WASHINGTON — In Colorado, a campaign has secured enough signatures to put before voters this November an abortion amendment on the state’s Constitution while another campaign looking to put an anti-abortion initiative on the ballot failed to gather enough signatures in time to qualify.

The state’s Catholic bishops were against both ballot initiatives and urged Catholics not to sign either petition or collect signatures for them.

In a letter to Colorado Catholics last November, issued by the Colorado Catholic Conference, the state’s bishops said that people in state would be “presented with two opposing positions on sanctity of life for preborn children for the 2024 ballot.”

“While one of the initiatives defends life, necessary groundwork is not laid for success, and it will likely harm the efforts in Colorado to cultivate a culture of life,” the bishops said.

In noting their opposition to the ballot question that aims to add a pro-abortion amendment to the state’s Constitution, the bishops said that in the past two years, “Colorado has sorrowfully become one of the top pro-abortion states in the county.” 

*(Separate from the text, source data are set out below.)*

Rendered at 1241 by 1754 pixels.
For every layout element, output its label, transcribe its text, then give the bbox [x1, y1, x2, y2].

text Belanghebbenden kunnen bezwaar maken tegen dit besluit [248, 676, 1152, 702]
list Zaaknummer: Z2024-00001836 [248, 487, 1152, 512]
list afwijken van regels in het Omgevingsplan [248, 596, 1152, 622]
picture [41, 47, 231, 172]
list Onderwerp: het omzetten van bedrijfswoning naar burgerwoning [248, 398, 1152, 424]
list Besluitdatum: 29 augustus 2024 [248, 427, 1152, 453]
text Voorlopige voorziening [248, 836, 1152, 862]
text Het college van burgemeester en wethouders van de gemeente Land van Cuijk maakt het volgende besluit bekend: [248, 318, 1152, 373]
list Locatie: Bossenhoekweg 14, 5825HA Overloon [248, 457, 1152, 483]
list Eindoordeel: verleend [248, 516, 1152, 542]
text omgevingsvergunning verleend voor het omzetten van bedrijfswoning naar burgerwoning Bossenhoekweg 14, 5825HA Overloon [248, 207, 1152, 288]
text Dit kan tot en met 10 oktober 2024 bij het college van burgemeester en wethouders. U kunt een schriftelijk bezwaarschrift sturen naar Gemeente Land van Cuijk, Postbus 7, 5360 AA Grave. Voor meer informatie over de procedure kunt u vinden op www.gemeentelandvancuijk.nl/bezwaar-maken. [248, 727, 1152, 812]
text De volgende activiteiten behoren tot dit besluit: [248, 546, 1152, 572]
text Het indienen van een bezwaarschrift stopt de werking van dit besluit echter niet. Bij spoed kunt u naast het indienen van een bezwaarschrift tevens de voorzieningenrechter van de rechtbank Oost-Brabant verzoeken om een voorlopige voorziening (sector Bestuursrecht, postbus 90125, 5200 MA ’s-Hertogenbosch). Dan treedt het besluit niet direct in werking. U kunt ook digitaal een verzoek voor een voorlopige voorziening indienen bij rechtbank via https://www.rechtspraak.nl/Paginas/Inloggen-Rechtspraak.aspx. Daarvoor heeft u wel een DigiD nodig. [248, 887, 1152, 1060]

They said the state’s 2022 Reproductive Health Equity Act allows for abortions for the full 40 weeks of pregnancy and it removed parental notification for minors receiving an abortion. 

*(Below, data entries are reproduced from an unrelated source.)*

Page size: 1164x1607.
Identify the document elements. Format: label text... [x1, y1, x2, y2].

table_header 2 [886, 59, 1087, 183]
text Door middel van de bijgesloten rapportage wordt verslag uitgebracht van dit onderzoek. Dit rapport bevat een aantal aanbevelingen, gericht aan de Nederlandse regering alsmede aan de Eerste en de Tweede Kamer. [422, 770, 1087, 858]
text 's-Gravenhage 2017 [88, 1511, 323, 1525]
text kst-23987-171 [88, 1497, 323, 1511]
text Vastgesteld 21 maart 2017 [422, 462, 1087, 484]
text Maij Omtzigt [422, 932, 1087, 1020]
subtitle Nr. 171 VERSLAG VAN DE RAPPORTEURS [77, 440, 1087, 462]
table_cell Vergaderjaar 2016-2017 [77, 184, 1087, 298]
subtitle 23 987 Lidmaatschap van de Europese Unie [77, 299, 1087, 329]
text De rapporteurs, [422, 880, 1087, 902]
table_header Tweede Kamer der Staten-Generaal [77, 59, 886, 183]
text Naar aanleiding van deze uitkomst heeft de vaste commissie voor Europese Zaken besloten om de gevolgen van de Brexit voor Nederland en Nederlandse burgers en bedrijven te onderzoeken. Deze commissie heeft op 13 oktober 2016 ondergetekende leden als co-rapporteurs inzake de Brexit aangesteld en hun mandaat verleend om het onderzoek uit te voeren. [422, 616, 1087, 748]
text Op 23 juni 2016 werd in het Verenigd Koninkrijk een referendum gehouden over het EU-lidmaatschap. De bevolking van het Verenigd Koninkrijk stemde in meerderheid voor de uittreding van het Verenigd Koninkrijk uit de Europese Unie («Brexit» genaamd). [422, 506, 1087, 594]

Additional abortion bills enacted in 2023, they added, censor pregnancy resource centers, prohibit lawsuits from pro-life states against Colorado or abortion providers, and require large employers and insurance companies to provide coverage for abortion.

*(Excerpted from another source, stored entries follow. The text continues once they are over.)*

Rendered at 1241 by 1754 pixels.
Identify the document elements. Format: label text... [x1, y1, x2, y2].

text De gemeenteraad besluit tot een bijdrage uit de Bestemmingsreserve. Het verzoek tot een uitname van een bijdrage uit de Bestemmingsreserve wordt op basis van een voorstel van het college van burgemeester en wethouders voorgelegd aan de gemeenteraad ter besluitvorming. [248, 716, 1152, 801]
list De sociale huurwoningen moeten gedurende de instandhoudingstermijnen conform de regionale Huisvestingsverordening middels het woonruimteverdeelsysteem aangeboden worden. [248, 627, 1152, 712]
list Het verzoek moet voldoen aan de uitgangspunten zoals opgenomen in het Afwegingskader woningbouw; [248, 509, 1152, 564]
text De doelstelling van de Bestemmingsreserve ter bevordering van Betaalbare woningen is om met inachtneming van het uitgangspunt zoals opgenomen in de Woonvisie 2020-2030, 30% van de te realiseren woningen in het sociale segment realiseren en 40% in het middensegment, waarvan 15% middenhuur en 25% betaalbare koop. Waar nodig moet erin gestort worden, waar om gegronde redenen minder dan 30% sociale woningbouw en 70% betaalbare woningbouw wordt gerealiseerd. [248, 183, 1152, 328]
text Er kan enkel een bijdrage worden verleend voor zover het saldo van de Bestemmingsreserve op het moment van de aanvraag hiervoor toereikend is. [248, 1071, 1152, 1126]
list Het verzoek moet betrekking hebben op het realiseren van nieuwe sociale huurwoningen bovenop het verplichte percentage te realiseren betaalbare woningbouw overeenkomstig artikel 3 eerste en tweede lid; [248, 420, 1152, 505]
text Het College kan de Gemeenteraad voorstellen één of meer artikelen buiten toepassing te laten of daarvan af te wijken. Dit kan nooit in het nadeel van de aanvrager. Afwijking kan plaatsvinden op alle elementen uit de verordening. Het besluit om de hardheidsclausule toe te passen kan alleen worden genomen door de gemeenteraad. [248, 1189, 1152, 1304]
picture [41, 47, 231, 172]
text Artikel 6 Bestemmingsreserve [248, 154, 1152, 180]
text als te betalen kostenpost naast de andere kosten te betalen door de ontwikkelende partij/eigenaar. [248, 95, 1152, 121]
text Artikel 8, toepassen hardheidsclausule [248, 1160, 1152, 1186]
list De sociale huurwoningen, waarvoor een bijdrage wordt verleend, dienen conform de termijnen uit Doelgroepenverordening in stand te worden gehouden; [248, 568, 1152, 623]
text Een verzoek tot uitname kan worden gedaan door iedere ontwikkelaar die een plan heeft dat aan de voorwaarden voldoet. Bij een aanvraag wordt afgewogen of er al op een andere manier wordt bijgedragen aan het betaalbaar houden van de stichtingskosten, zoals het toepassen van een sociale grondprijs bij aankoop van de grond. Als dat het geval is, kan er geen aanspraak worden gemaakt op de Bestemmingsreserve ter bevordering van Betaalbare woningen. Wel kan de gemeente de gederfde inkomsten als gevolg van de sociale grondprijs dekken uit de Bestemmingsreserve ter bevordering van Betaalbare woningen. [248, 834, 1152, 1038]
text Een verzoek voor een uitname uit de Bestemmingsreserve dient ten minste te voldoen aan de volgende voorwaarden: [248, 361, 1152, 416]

“The only provision keeping Colorado from being the number one destination for unrestricted abortion in the United States is the 1984 Colorado constitutional prohibition against the use of public funding for abortion,” the bishops wrote, which they said the proposed ballot initiative would allow.

While the bishops were clear that Catholics should not support the initiative favoring abortion they also said the ballot initiative called “Protections for a Living Child,” sponsored by Colorado Life Initiative, should not be supported.

If it passed, they said it would “likely harm pro-life efforts in Colorado, possibly for years to come.” The state’s bishops said the initiative “would make abortion a homicidal offense and force the closure of abortion facilities.” They added that in recent years, “the voting public has shown it’s not willing to accept this policy at this time.”

They said the state needs “a large-scale education and political campaign to successfully pass a pro-life proposal.” They also stressed that those opposing the pro-life initiative were using it to drive more voters to support the “Right to Abortion” ballot, describing it as “reasonable and a defense of women.”

The bishops said they would work with other pro-life groups in the state to “fight the ‘Right to Abortion’ 2024 ballot proposal to ensure Colorado does not become the number one state for abortion in the country” while continuing to advocate for a culture of life.

On April 18, the day signatures for the ballot initiatives had to be submitted, the campaign trying to enshrine abortion rights into the state’s constitution gathered enough signatures to put the issue on the ballot while the pro-life initiative failed to submit the needed amount.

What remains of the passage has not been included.